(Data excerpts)

---

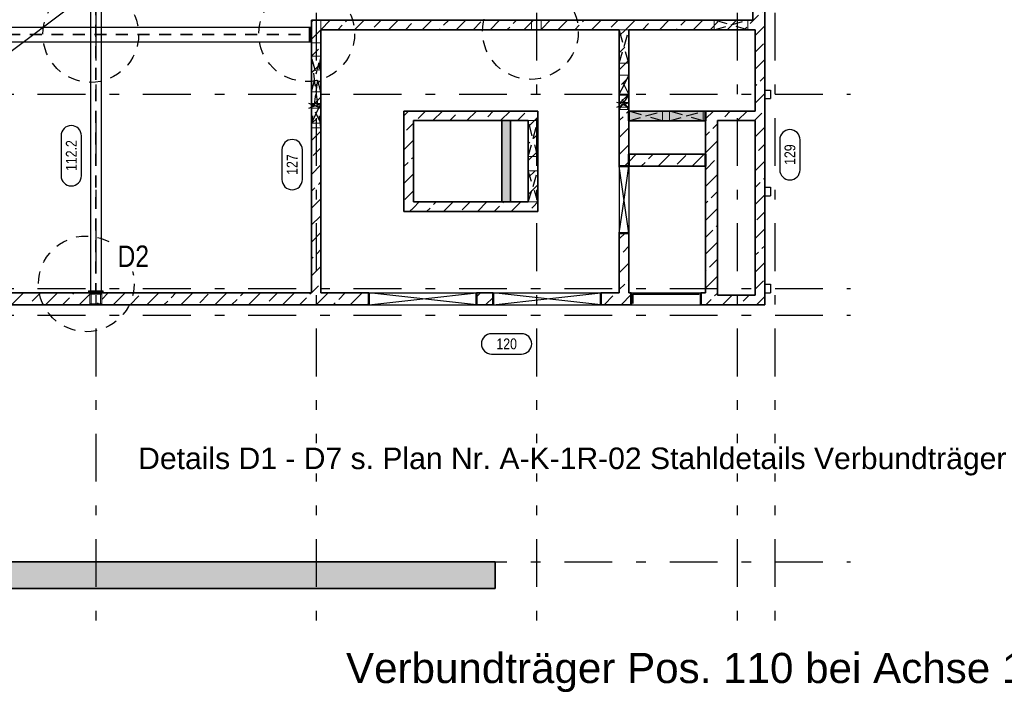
# Model space of a CAD drawing. Header units: millimetres. Extents: x -8.5 to 60.3, y 0 to 42.
# Tile 103 of 109: x 17.2 to 27.5, y 26.3 to 33.4. Entities that reach past the tile are written whole.
import ezdxf

# ---------------------------------------------------------------- set-up
doc = ezdxf.new("R2010")
doc.units = ezdxf.units.MM
doc.linetypes.add('DASHDOTX2', pattern=[2, 1, -0.5, 0, -0.5])
doc.linetypes.add('HIDDEN', pattern=[0.375, 0.25, -0.125])
doc.layers.add('Achsen', color=7, linetype='Continuous', lineweight=20)
doc.layers.add('Pos.Nummern', color=7, linetype='Continuous', lineweight=20)
doc.styles.add('Arial', font='arial.ttf')
doc.styles.add('Arial Narrow', font='ARIALN.TTF')
pattern_1 = [(45, (0, 0), (-0.1767767, 0.1767767), [0.125, -0.05]), (45, (-0.0884, 0.0884), (-0.1767767, 0.1767767), [])]

msp = doc.modelspace()

# ---------------------------------------------------------------- hatches: boundary and pattern name
at = {"lineweight": 13}
h = msp.add_hatch(dxfattribs=at)
h.set_pattern_fill('bB', color=6, scale=0.01, angle=45, style=0, pattern_type=2)
h.set_pattern_definition(pattern_1)
h.paths.add_polyline_path([(24.991608, 33.758977), (24.991608, 33.358977), (24.866608, 33.358977), (24.866608, 33.758977)])
h = msp.add_hatch(dxfattribs=at)
h.set_pattern_fill('bB', color=6, scale=0.01, angle=45, style=0, pattern_type=2)
h.set_pattern_definition(pattern_1)
h.paths.add_polyline_path([(24.991608, 33.358977), (24.991608, 33.258977), (20.256421, 33.258977), (20.256421, 33.358977)])
h = msp.add_hatch(dxfattribs=at)
h.set_pattern_fill('bB', color=6, scale=0.01, angle=45, style=0, pattern_type=2)
h.set_pattern_definition(pattern_1)
h.paths.add_polyline_path([(20.356421, 33.258977), (20.356421, 30.508965), (20.256421, 30.508965), (20.256421, 33.258977)])
h = msp.add_hatch(dxfattribs=at)
h.set_pattern_fill('bB', color=6, scale=0.01, angle=45, style=0, pattern_type=2)
h.set_pattern_definition(pattern_1)
h.paths.add_polyline_path([(23.571431, 33.258977), (23.571431, 31.833196), (23.471431, 31.833196), (23.471431, 33.258977)])
h = msp.add_hatch(dxfattribs=at)
h.set_pattern_fill('bB', color=6, scale=0.01, angle=45, style=0, pattern_type=2)
h.set_pattern_definition(pattern_1)
h.paths.add_polyline_path([(24.991608, 33.258977), (24.991608, 30.483965), (24.891608, 30.483965), (24.891608, 33.258977)])
h = msp.add_hatch(dxfattribs=at)
h.set_pattern_fill('bB', color=6, scale=0.01, angle=45, style=0, pattern_type=2)
h.set_pattern_definition(pattern_1)
h.paths.add_polyline_path([(21.221431, 32.408966), (22.621431, 32.408966), (22.521431, 32.308966), (21.221431, 32.308966)])
h = msp.add_hatch(dxfattribs=at)
h.set_pattern_fill('bB', color=6, scale=0.01, angle=45, style=0, pattern_type=2)
h.set_pattern_definition(pattern_1)
h.paths.add_polyline_path([(22.621431, 32.408966), (22.621431, 31.358965), (22.521431, 31.458965), (22.521431, 32.308966)])
at = {"lineweight": 13, "true_color": 0xf08e8e}
for points in [[(24.371291, 32.40778), (24.371291, 32.30778), (23.571339, 32.30778), (23.571339, 32.40778)], [(22.333861, 32.308966), (22.333861, 31.458965), (22.246361, 31.458965), (22.246361, 32.308966)]]:
    msp.add_hatch(color=11, dxfattribs=at).paths.add_polyline_path(points)
at = {"lineweight": 13}
h = msp.add_hatch(dxfattribs=at)
h.set_pattern_fill('bB', color=6, scale=0.01, angle=45, style=0, pattern_type=2)
h.set_pattern_definition(pattern_1)
h.paths.add_polyline_path([(24.496431, 32.408977), (24.496431, 30.508965), (24.371431, 30.508965), (24.371431, 32.408977)])
h = msp.add_hatch(dxfattribs=at)
h.set_pattern_fill('bB', color=6, scale=0.01, angle=45, style=0, pattern_type=2)
h.set_pattern_definition(pattern_1)
h.paths.add_polyline_path([(24.891608, 32.308977), (24.496431, 32.308977), (24.496431, 32.408977), (24.891608, 32.408977)])
h = msp.add_hatch(dxfattribs=at)
h.set_pattern_fill('bB', color=6, scale=0.01, angle=45, style=0, pattern_type=2)
h.set_pattern_definition(pattern_1)
h.paths.add_polyline_path([(21.321431, 32.308966), (21.321431, 31.358965), (21.221431, 31.358965), (21.221431, 32.308966)])
h = msp.add_hatch(dxfattribs=at)
h.set_pattern_fill('bB', color=6, scale=0.01, angle=45, style=0, pattern_type=2)
h.set_pattern_definition(pattern_1)
h.paths.add_polyline_path([(24.371291, 31.95778), (24.371291, 31.83278), (23.571431, 31.83278), (23.571431, 31.833196), (23.571339, 31.833196), (23.571339, 31.95778)])
h = msp.add_hatch(dxfattribs=at)
h.set_pattern_fill('bB', color=6, scale=0.01, angle=45, style=0, pattern_type=2)
h.set_pattern_definition(pattern_1)
h.paths.add_polyline_path([(22.521431, 31.458965), (22.621431, 31.358965), (21.321431, 31.358965), (21.321431, 31.458965)])
h = msp.add_hatch(dxfattribs=at)
h.set_pattern_fill('bB', color=6, scale=0.01, angle=45, style=0, pattern_type=2)
h.set_pattern_definition(pattern_1)
h.paths.add_polyline_path([(23.571431, 31.133196), (23.571431, 30.508965), (23.471431, 30.508965), (23.471431, 31.133196)])
h = msp.add_hatch(dxfattribs=at)
h.set_pattern_fill('bB', color=6, scale=0.01, angle=45, style=0, pattern_type=2)
h.set_pattern_definition(pattern_1)
h.paths.add_polyline_path([(20.256421, 30.508965), (20.256421, 30.383965), (13.468921, 30.383965), (13.468921, 30.508965)])
h = msp.add_hatch(dxfattribs=at)
h.set_pattern_fill('bB', color=6, scale=0.01, angle=45, style=0, pattern_type=2)
h.set_pattern_definition(pattern_1)
h.paths.add_polyline_path([(20.857159, 30.383965), (20.256421, 30.383965), (20.256421, 30.508965), (20.857159, 30.508965)])
h = msp.add_hatch(dxfattribs=at)
h.set_pattern_fill('bB', color=6, scale=0.01, angle=45, style=0, pattern_type=2)
h.set_pattern_definition(pattern_1)
h.paths.add_polyline_path([(22.153163, 30.508965), (22.153163, 30.383965), (21.982159, 30.383965), (21.982159, 30.508965)])
h = msp.add_hatch(dxfattribs=at)
h.set_pattern_fill('bB', color=6, scale=0.01, angle=45, style=0, pattern_type=2)
h.set_pattern_definition(pattern_1)
h.paths.add_polyline_path([(23.597059, 30.383965), (23.278163, 30.383965), (23.278163, 30.508965), (23.597059, 30.508965)])
h = msp.add_hatch(dxfattribs=at)
h.set_pattern_fill('bB', color=6, scale=0.01, angle=45, style=0, pattern_type=2)
h.set_pattern_definition(pattern_1)
h.paths.add_polyline_path([(24.496431, 30.383965), (24.322059, 30.383965), (24.322059, 30.508965), (24.496431, 30.508965)])
h = msp.add_hatch(dxfattribs=at)
h.set_pattern_fill('bB', color=6, scale=0.01, angle=45, style=0, pattern_type=2)
h.set_pattern_definition(pattern_1)
h.paths.add_polyline_path([(24.991608, 30.383965), (24.496431, 30.383965), (24.496431, 30.483965), (24.991608, 30.483965)])
at = {"lineweight": 13, "true_color": 0xf0f0f0}
msp.add_hatch(color=7, dxfattribs=at).paths.add_polyline_path([(22.174436, 27.698551), (22.174436, 27.418551), (11.850645, 27.418551), (11.850645, 27.698551)])

# ---------------------------------------------------------------- linework, layer by layer
at = {"color": 3, "linetype": 'Continuous', "lineweight": 25}
for p, q in [((13.443188, 30.266415), (24.991608, 38.963967)), ((17.64328, 32.151149), (17.64328, 31.732774)), ((17.85578, 31.732774), (17.85578, 32.151149))]:
    msp.add_line(p, q, dxfattribs=at)
at = {"color": 6, "linetype": 'HIDDEN', "lineweight": 13, "ltscale": 0.5}
for p, q in [((18.003235, 38.935798), (18.003235, 30.531465)), ((18.009235, 38.935798), (18.009235, 30.531465)), ((20.356421, 33.358977), (20.356421, 33.258977)), ((22.556235, 33.358977), (22.556235, 33.258977)), ((22.656235, 33.358977), (22.656235, 33.258977)), ((24.463617, 33.358977), (24.463617, 33.258977)), ((24.813617, 33.358977), (24.813617, 33.258977)), ((13.491235, 33.212852), (20.233921, 33.212852)), ((23.471431, 33.259393), (23.571431, 33.259393)), ((23.471431, 33.259393), (23.471431, 33.258977)), ((23.571431, 33.259393), (23.571431, 33.258977)), ((13.491235, 33.205102), (20.233921, 33.205102)), ((20.256421, 33.121477), (20.356421, 33.121477)), ((20.256421, 32.983968), (20.356421, 32.983968)), ((23.471431, 32.909393), (23.571431, 32.909393)), ((23.471431, 32.784267), (23.571431, 32.784267)), ((20.256421, 32.608968), (20.356421, 32.608968)), ((20.256421, 32.488267), (20.356421, 32.488267)), ((23.471431, 32.584267), (23.571431, 32.584267)), ((23.471431, 32.575542), (23.571339, 32.575542)), ((23.471431, 32.500042), (23.571431, 32.500042)), ((23.571339, 32.575542), (23.571339, 32.425542)), ((20.256421, 32.484043), (20.356421, 32.484043)), ((20.256421, 32.438267), (20.356421, 32.438267)), ((23.471431, 32.450042), (23.571431, 32.450042)), ((23.471431, 32.425542), (23.571339, 32.425542)), ((23.921339, 32.40778), (23.921339, 32.30778)), ((23.996291, 32.40778), (23.996291, 32.30778)), ((24.346291, 32.40778), (24.346291, 32.30778)), ((20.256421, 32.284043), (20.356421, 32.284043)), ((22.521431, 32.308977), (22.621431, 32.308977)), ((20.256421, 32.233968), (20.356421, 32.233968)), ((22.521431, 31.933966), (22.621431, 31.933966)), ((22.521431, 31.783965), (22.621431, 31.783965)), ((22.521431, 31.458965), (22.621431, 31.458965)), ((17.943239, 30.493965), (18.068239, 30.493965)), ((17.943239, 30.493965), (17.943239, 30.393965)), ((17.956235, 30.508965), (17.956235, 30.383965)), ((18.056235, 30.508965), (18.056235, 30.383965)), ((18.068239, 30.493965), (18.068239, 30.393965)), ((17.943239, 30.393965), (18.068239, 30.393965))]:
    msp.add_line(p, q, dxfattribs=at)
at = {"color": 2, "linetype": 'Continuous', "lineweight": 35}
for p, q in [((24.866608, 33.758977), (24.866608, 33.358977)), ((24.991608, 33.758977), (24.991608, 33.358977)), ((20.256421, 33.358977), (24.866608, 33.358977)), ((20.256421, 33.358977), (20.256421, 33.258977)), ((24.991608, 33.358977), (24.991608, 33.258977)), ((20.256421, 33.258977), (20.256421, 30.508965)), ((20.356421, 33.258977), (23.471431, 33.258977)), ((20.356421, 33.258977), (20.356421, 30.508965)), ((23.471431, 33.258977), (23.471431, 31.833196)), ((23.571431, 33.258977), (24.891608, 33.258977)), ((23.571431, 33.258977), (23.571431, 31.833196)), ((24.891608, 33.258977), (24.891608, 32.408977)), ((24.991608, 33.258977), (24.991608, 30.483965)), ((21.221431, 32.408977), (22.621431, 32.408977)), ((21.221431, 32.408966), (21.221431, 32.308966)), ((22.621431, 32.408966), (22.621431, 31.358965)), ((23.571339, 32.40778), (24.371291, 32.40778)), ((24.371431, 32.408977), (24.496431, 32.408977)), ((24.371431, 32.408977), (24.371431, 30.508965)), ((24.496431, 32.408977), (24.891608, 32.408977)), ((21.221431, 32.308966), (21.221431, 31.358965)), ((21.321431, 32.308977), (22.521431, 32.308977)), ((21.321431, 32.308966), (21.321431, 31.458965)), ((22.246361, 32.308966), (22.246361, 31.458965)), ((22.333861, 32.308966), (22.333861, 31.458965)), ((22.521431, 32.308966), (22.521431, 31.458965)), ((23.571339, 32.30778), (24.371291, 32.30778)), ((24.496431, 32.308977), (24.891608, 32.308977)), ((24.496431, 32.308977), (24.496431, 30.508965)), ((24.891608, 32.308977), (24.891608, 30.483965)), ((23.571339, 31.95778), (24.371291, 31.95778)), ((23.571431, 31.83278), (24.371291, 31.83278)), ((21.221431, 31.358965), (21.321431, 31.358965)), ((21.321431, 31.458965), (22.521431, 31.458965)), ((21.321431, 31.358965), (22.621431, 31.358965)), ((23.471431, 31.133196), (23.471431, 30.508965)), ((23.571431, 31.133196), (23.571431, 30.508965)), ((13.468921, 30.508965), (20.256421, 30.508965)), ((20.356421, 30.508965), (20.857159, 30.508965)), ((21.982159, 30.508965), (22.153163, 30.508965)), ((23.278163, 30.508965), (23.471431, 30.508965)), ((23.571431, 30.508965), (23.597059, 30.508965)), ((24.322059, 30.508965), (24.371431, 30.508965)), ((24.496431, 30.508965), (24.496431, 30.483965)), ((24.496431, 30.483965), (24.891608, 30.483965)), ((24.991608, 30.483965), (24.991608, 30.383965)), ((13.468921, 30.383965), (20.256421, 30.383965)), ((20.256421, 30.383965), (20.857159, 30.383965)), ((21.982159, 30.383965), (22.153163, 30.383965)), ((23.278163, 30.383965), (23.597059, 30.383965)), ((24.322059, 30.383965), (24.496431, 30.383965)), ((24.496431, 30.383965), (24.991608, 30.383965)), ((11.850645, 27.698551), (22.174436, 27.698551)), ((22.174436, 27.698551), (22.174436, 27.418551)), ((11.850645, 27.418551), (22.174436, 27.418551))]:
    msp.add_line(p, q, dxfattribs=at)
at = {"color": 4, "linetype": 'Continuous', "lineweight": 50}
for p, q in [((23.571339, 32.40778), (23.571339, 32.30778)), ((24.371291, 32.40778), (24.371291, 32.30778)), ((23.571339, 31.95778), (23.571339, 31.833196)), ((24.371291, 31.95778), (24.371291, 31.83278)), ((23.471431, 31.833196), (23.571431, 31.833196)), ((23.571431, 31.833196), (23.571431, 31.83278)), ((23.471431, 31.133196), (23.571431, 31.133196)), ((20.857159, 30.508965), (20.857159, 30.383965)), ((21.982159, 30.508965), (21.982159, 30.383965)), ((22.153163, 30.508965), (22.153163, 30.383965)), ((23.278163, 30.508965), (23.278163, 30.383965)), ((23.597059, 30.508965), (23.597059, 30.383965)), ((24.322059, 30.508965), (24.322059, 30.383965))]:
    msp.add_line(p, q, dxfattribs=at)
at = {"color": 3, "linetype": 'HIDDEN', "lineweight": 25, "ltscale": 0.5}
for centre in [(22.54376, 33.239889), (17.952609, 33.208965), (20.207709, 33.21676), (17.906351, 30.603158)]:
    msp.add_circle(centre, 0.5, dxfattribs=at)
at = {"color": 3, "linetype": 'Continuous', "lineweight": 25}
for centre, start, end in [((17.74953, 32.151149), 0, 180), ((17.74953, 31.732774), 180, 0)]:
    msp.add_arc(centre, 0.10625, start, end, dxfattribs=at)
at = {"layer": 'Achsen', "color": 3, "linetype": 'DASHDOTX2', "lineweight": 25, "ltscale": 0.5}
for p, q in [((18.006433, 40.036001), (18.006433, 26.960845)), ((20.306433, 40.036001), (20.306433, 26.960845)), ((22.606433, 40.036001), (22.606433, 26.960845)), ((24.701433, 40.036001), (24.701433, 26.960845)), ((25.096433, 40.036001), (25.096433, 26.960845)), ((3.097933, 32.583915), (25.88538, 32.583915)), ((3.097933, 30.553915), (25.88538, 30.553915)), ((3.097933, 30.276415), (25.88538, 30.276415)), ((3.097933, 27.698915), (25.88538, 27.698915))]:
    msp.add_line(p, q, dxfattribs=at)
at = {"layer": 'Achsen', "color": 3, "linetype": 'Continuous', "lineweight": 25}
for p, q in [((17.951235, 38.650607), (17.951235, 30.531465)), ((18.061235, 38.649782), (18.061235, 30.531465)), ((13.491235, 33.283981), (20.233921, 33.283981)), ((20.233921, 33.283981), (20.246421, 33.283981)), ((20.233921, 33.283981), (20.233921, 33.133981)), ((20.246421, 33.283981), (20.246421, 33.133981)), ((13.491235, 33.133981), (20.233921, 33.133981)), ((20.233921, 33.133981), (20.246421, 33.133981)), ((24.991608, 32.628965), (25.051608, 32.628965)), ((25.051608, 32.628965), (25.051608, 32.538965)), ((24.991608, 32.538965), (25.051608, 32.538965)), ((23.471431, 31.833196), (23.471431, 31.133196)), ((23.571339, 31.833196), (23.571339, 31.83278)), ((23.571339, 31.83278), (23.571431, 31.83278)), ((23.571431, 31.83278), (23.571431, 31.133196)), ((24.991608, 31.613965), (25.051608, 31.613965)), ((25.051608, 31.613965), (25.051608, 31.523965)), ((24.991608, 31.523965), (25.051608, 31.523965)), ((24.991608, 30.598965), (25.051608, 30.598965)), ((25.051608, 30.598965), (25.051608, 30.508965)), ((17.928239, 30.531465), (18.078239, 30.531465)), ((17.928239, 30.531465), (17.928239, 30.518965)), ((17.928239, 30.518965), (18.078239, 30.518965)), ((18.078239, 30.531465), (18.078239, 30.518965)), ((20.857159, 30.508965), (21.982159, 30.508965)), ((22.153163, 30.508965), (23.278163, 30.508965)), ((23.597059, 30.508965), (24.322059, 30.508965)), ((24.991608, 30.508965), (25.051608, 30.508965)), ((20.857159, 30.383965), (21.982159, 30.383965)), ((22.153163, 30.383965), (23.278163, 30.383965)), ((23.597059, 30.383965), (24.322059, 30.383965))]:
    msp.add_line(p, q, dxfattribs=at)
at = {"layer": 'Achsen', "color": 11, "linetype": 'HIDDEN', "lineweight": 25, "ltscale": 0.5}
for p, q in [((24.813617, 33.258977), (24.463617, 33.358977)), ((24.638617, 33.308977), (24.813617, 33.358977)), ((23.571431, 32.909393), (23.471431, 33.259393)), ((23.521431, 33.084393), (23.571431, 33.259393)), ((24.463617, 33.258977), (24.638617, 33.308977)), ((23.471431, 32.909393), (23.521431, 33.084393)), ((20.356421, 32.608968), (20.256421, 32.983968)), ((20.356421, 32.233968), (20.256421, 32.983968)), ((20.306421, 32.796468), (20.356421, 32.983968)), ((20.306421, 32.608968), (20.356421, 32.983968)), ((20.256421, 32.608968), (20.306421, 32.796468)), ((23.571431, 32.584267), (23.471431, 32.784267)), ((23.521431, 32.684267), (23.571431, 32.784267)), ((20.256421, 32.233968), (20.306421, 32.608968)), ((23.471431, 32.584267), (23.521431, 32.684267)), ((20.293921, 32.463267), (20.356421, 32.488267)), ((23.571339, 32.425542), (23.471431, 32.575405)), ((23.471431, 32.425679), (23.521339, 32.500542)), ((23.571431, 32.450042), (23.471431, 32.490042)), ((23.508931, 32.475042), (23.571431, 32.500042)), ((23.521339, 32.500542), (23.571339, 32.575542)), ((20.356421, 32.284043), (20.256421, 32.484043)), ((20.356421, 32.438267), (20.256421, 32.478267)), ((20.256421, 32.448267), (20.293921, 32.463267)), ((20.306421, 32.384043), (20.356421, 32.484043)), ((23.471431, 32.460042), (23.508931, 32.475042)), ((23.921339, 32.30778), (23.571339, 32.40778)), ((23.746339, 32.35778), (23.921339, 32.40778)), ((24.346291, 32.30778), (23.996291, 32.40778)), ((24.171291, 32.35778), (24.346291, 32.40778)), ((20.256421, 32.284043), (20.306421, 32.384043)), ((22.621431, 31.933966), (22.521431, 32.308966)), ((22.571431, 32.121466), (22.621431, 32.308966)), ((23.571339, 32.30778), (23.746339, 32.35778)), ((23.996291, 32.30778), (24.171291, 32.35778)), ((22.521431, 31.933966), (22.571431, 32.121466)), ((22.621431, 31.458965), (22.521431, 31.783965)), ((22.571431, 31.621465), (22.621431, 31.783965)), ((22.521431, 31.458965), (22.571431, 31.621465))]:
    msp.add_line(p, q, dxfattribs=at)
at = {"layer": 'Achsen', "color": 11, "linetype": 'Continuous', "lineweight": 25}
for p, q in [((20.256421, 32.478267), (20.231421, 32.488267)), ((23.471431, 32.490042), (23.446431, 32.500042)), ((23.471431, 32.575405), (23.471339, 32.575542)), ((20.231421, 32.438267), (20.256421, 32.448267)), ((23.446431, 32.450042), (23.471431, 32.460042)), ((23.471339, 32.425542), (23.471431, 32.425679)), ((23.571431, 31.133196), (23.471431, 31.833196)), ((23.521431, 31.483196), (23.571431, 31.833196)), ((23.471431, 31.133196), (23.521431, 31.483196)), ((21.982159, 30.383965), (20.857159, 30.508965)), ((20.857159, 30.383965), (21.419659, 30.446465)), ((21.419659, 30.446465), (21.982159, 30.508965)), ((23.278163, 30.383965), (22.153163, 30.508965)), ((22.153163, 30.383965), (22.715663, 30.446465)), ((22.715663, 30.446465), (23.278163, 30.508965)), ((23.612059, 30.493965), (24.307059, 30.493965)), ((23.612059, 30.493965), (23.612059, 30.398965))]:
    msp.add_line(p, q, dxfattribs=at)
at = {"layer": 'Pos.Nummern', "color": 3, "linetype": 'Continuous', "lineweight": 25}
for p, q in [((25.146705, 32.108724), (25.146705, 31.796099)), ((25.359205, 31.796099), (25.359205, 32.108724)), ((19.949492, 32.00528), (19.949492, 31.692655)), ((20.161992, 31.692655), (20.161992, 32.00528)), ((22.45081, 30.082498), (22.138185, 30.082498)), ((22.138185, 29.869998), (22.45081, 29.869998))]:
    msp.add_line(p, q, dxfattribs=at)
for centre, start, end in [((25.252955, 32.108724), 0, 180), ((20.055742, 32.00528), 0, 180), ((25.252955, 31.796099), 180, 0), ((20.055742, 31.692655), 180, 0), ((22.138185, 29.976248), 90, 270), ((22.45081, 29.976248), 270, 90)]:
    msp.add_arc(centre, 0.10625, start, end, dxfattribs=at)

# ---------------------------------------------------------------- texts
at = {"color": 3, "lineweight": 25, "style": 'Arial Narrow'}
msp.add_text('112.2', height=0.1125, rotation=90, dxfattribs=at).set_placement((17.80578, 31.782774))
at = {"color": 1, "lineweight": 70, "style": 'Arial'}
msp.add_text('Verbundträger Pos. 110 bei Achse 11n    IPE 600 mit Auflagerträger HEM 180', height=0.315, dxfattribs=at).set_placement((20.617748, 26.431518))
at = {"layer": 'Pos.Nummern', "color": 3, "lineweight": 25, "style": 'Arial Narrow'}
for s, p in [('129', (25.309205, 31.846099)), ('127', (20.111992, 31.742655))]:
    msp.add_text(s, height=0.1125, rotation=90, dxfattribs=at).set_placement(p)
msp.add_text('120', height=0.1125, dxfattribs=at).set_placement((22.188185, 29.919998))

# ---------------------------------------------------------------- next in the draw order: texts
at = {"color": 4, "lineweight": 50, "char_height": 0.225, "attachment_point": 7, "line_spacing_factor": 0.9, "bg_fill": 3, "box_fill_scale": 1.2, "bg_fill_color": 256, "bg_fill_true_color": 13158600, "bg_fill_transparency": 0}
for s, insert, style in [('D2', (18.23207, 30.778886), 'Arial Narrow'), ('Details D1 - D7 s. Plan Nr. A-K-1R-02 Stahldetails Verbundträger', (18.44785, 28.59956), 'Arial')]:
    msp.add_mtext(s, dxfattribs=dict(at, insert=insert, style=style))

doc.saveas('drawing.dxf')

---

** Work task **
Please reproduce the entries above exactly, from their first line to the line holding "30.483965), (24.891608, 33.258977)])" inclusive, and nothing else; the pictures stay out.

** Answer to this problem **
# Model space of a CAD drawing. Header units: millimetres. Extents: x -8.5 to 60.3, y 0 to 42.
# Tile 103 of 109: x 17.2 to 27.5, y 26.3 to 33.4. Entities that reach past the tile are written whole.
import ezdxf

# ---------------------------------------------------------------- set-up
doc = ezdxf.new("R2010")
doc.units = ezdxf.units.MM
doc.linetypes.add('DASHDOTX2', pattern=[2, 1, -0.5, 0, -0.5])
doc.linetypes.add('HIDDEN', pattern=[0.375, 0.25, -0.125])
doc.layers.add('Achsen', color=7, linetype='Continuous', lineweight=20)
doc.layers.add('Pos.Nummern', color=7, linetype='Continuous', lineweight=20)
doc.styles.add('Arial', font='arial.ttf')
doc.styles.add('Arial Narrow', font='ARIALN.TTF')
pattern_1 = [(45, (0, 0), (-0.1767767, 0.1767767), [0.125, -0.05]), (45, (-0.0884, 0.0884), (-0.1767767, 0.1767767), [])]

msp = doc.modelspace()

# ---------------------------------------------------------------- hatches: boundary and pattern name
at = {"lineweight": 13}
h = msp.add_hatch(dxfattribs=at)
h.set_pattern_fill('bB', color=6, scale=0.01, angle=45, style=0, pattern_type=2)
h.set_pattern_definition(pattern_1)
h.paths.add_polyline_path([(24.991608, 33.758977), (24.991608, 33.358977), (24.866608, 33.358977), (24.866608, 33.758977)])
h = msp.add_hatch(dxfattribs=at)
h.set_pattern_fill('bB', color=6, scale=0.01, angle=45, style=0, pattern_type=2)
h.set_pattern_definition(pattern_1)
h.paths.add_polyline_path([(24.991608, 33.358977), (24.991608, 33.258977), (20.256421, 33.258977), (20.256421, 33.358977)])
h = msp.add_hatch(dxfattribs=at)
h.set_pattern_fill('bB', color=6, scale=0.01, angle=45, style=0, pattern_type=2)
h.set_pattern_definition(pattern_1)
h.paths.add_polyline_path([(20.356421, 33.258977), (20.356421, 30.508965), (20.256421, 30.508965), (20.256421, 33.258977)])
h = msp.add_hatch(dxfattribs=at)
h.set_pattern_fill('bB', color=6, scale=0.01, angle=45, style=0, pattern_type=2)
h.set_pattern_definition(pattern_1)
h.paths.add_polyline_path([(23.571431, 33.258977), (23.571431, 31.833196), (23.471431, 31.833196), (23.471431, 33.258977)])
h = msp.add_hatch(dxfattribs=at)
h.set_pattern_fill('bB', color=6, scale=0.01, angle=45, style=0, pattern_type=2)
h.set_pattern_definition(pattern_1)
h.paths.add_polyline_path([(24.991608, 33.258977), (24.991608, 30.483965), (24.891608, 30.483965), (24.891608, 33.258977)])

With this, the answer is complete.